The present repository contains the code for the TransYNet, a novel architecture developed to segment Optical Coherence Tomography (OCT) scans. It combines the capabilities of two different models, the Y-Net and the TransUNet, that are both based on the standard U-Net architecture. The Y-net allows encoding of spectral features within OCT images, while the Transformer encoder allows to better capture global context in the images. The architecture looks as follows:
The encoding branch consists of one 7*7 convolution (stride 2) and 3 encoding blocks, each being composed of a downsampling convolution followed by a triple convolution (1x1 (stride 1), dilated 3x3 (stride 2), 1x1 (stride 1). The block’s output serves two purposes: it is (I) used as a skip-connection to the decoder branch, and (II) downsampled by max pooling (stride 2) before entering the next encoder block. At the bottom, called the bottleneck, the last encoder feature map is double convolved and the depth of the feature maps is doubled (channels * 16).

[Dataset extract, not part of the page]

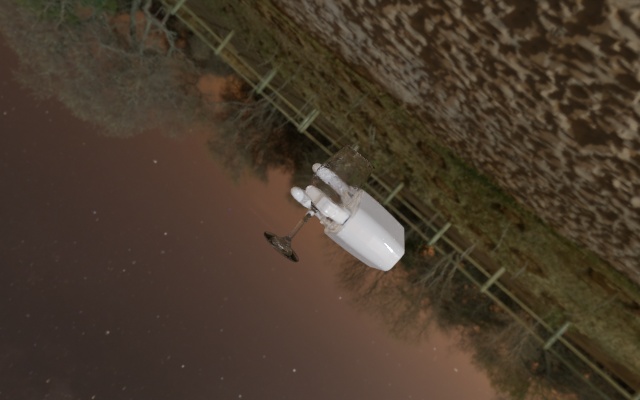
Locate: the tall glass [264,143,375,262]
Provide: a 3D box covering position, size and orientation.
[{"bbox_3d":[0.000,0.003,0.777,0.079,0.201,0.079,40,7,-6],"label":"tall glass"}]

The spectral encoder branch consists of four Fast Fourier Convolution (FFC) blocks. Within each block, a Fourier unit performs an inverse Fourier transform to convert the features back to the spatial domain to facilitate the convergence of the branches. This output is then sent to the decoder, similar as in the spatial encoder. An in-depth description of the architecture can be found in the original paper.
At the end of the encoding branch, image patches (of size 1x1) tokenized from the last encoder feature map are fed to the transformer to extract global context. The transformer output is then convolved (3x3, stride 1), normalized and is then concatenated with the output of the last encoder blocks. By doing so, the information from the last encoder blocks is preserved, and augmented by the global context provided by the transformer. This concatenated tensor is then once again convolved before being fed to the last decoder block.
The decoder branch is divided into four blocks that consist of two 3x3 convolutional layers and ReLU functions. Before each block, the input is upsampled by a 2x2 convolution and combined with the skip-connection from the corresponding encoder blocks. In the last block, a 1x1 convolutional operation is added to create the output segmentation map.
TransYNet is written in PyTorch.
Chen, J., Lu, Y., Yu, Q., Luo, X., Adeli, E., Wang, Y., ... & Zhou, Y. (2021). Transunet: Transformers make strong encoders for medical image segmentation. arXiv preprint arXiv:2102.04306.
Farshad, A., Yeganeh, Y., Gehlbach, P., & Navab, N. (2022, September). Y-Net: A spatiospectral dual-encoder network for medical image segmentation. In International Conference on Medical Image Computing and Computer-Assisted Intervention (pp. 582-592). Cham: Springer Nature Switzerland.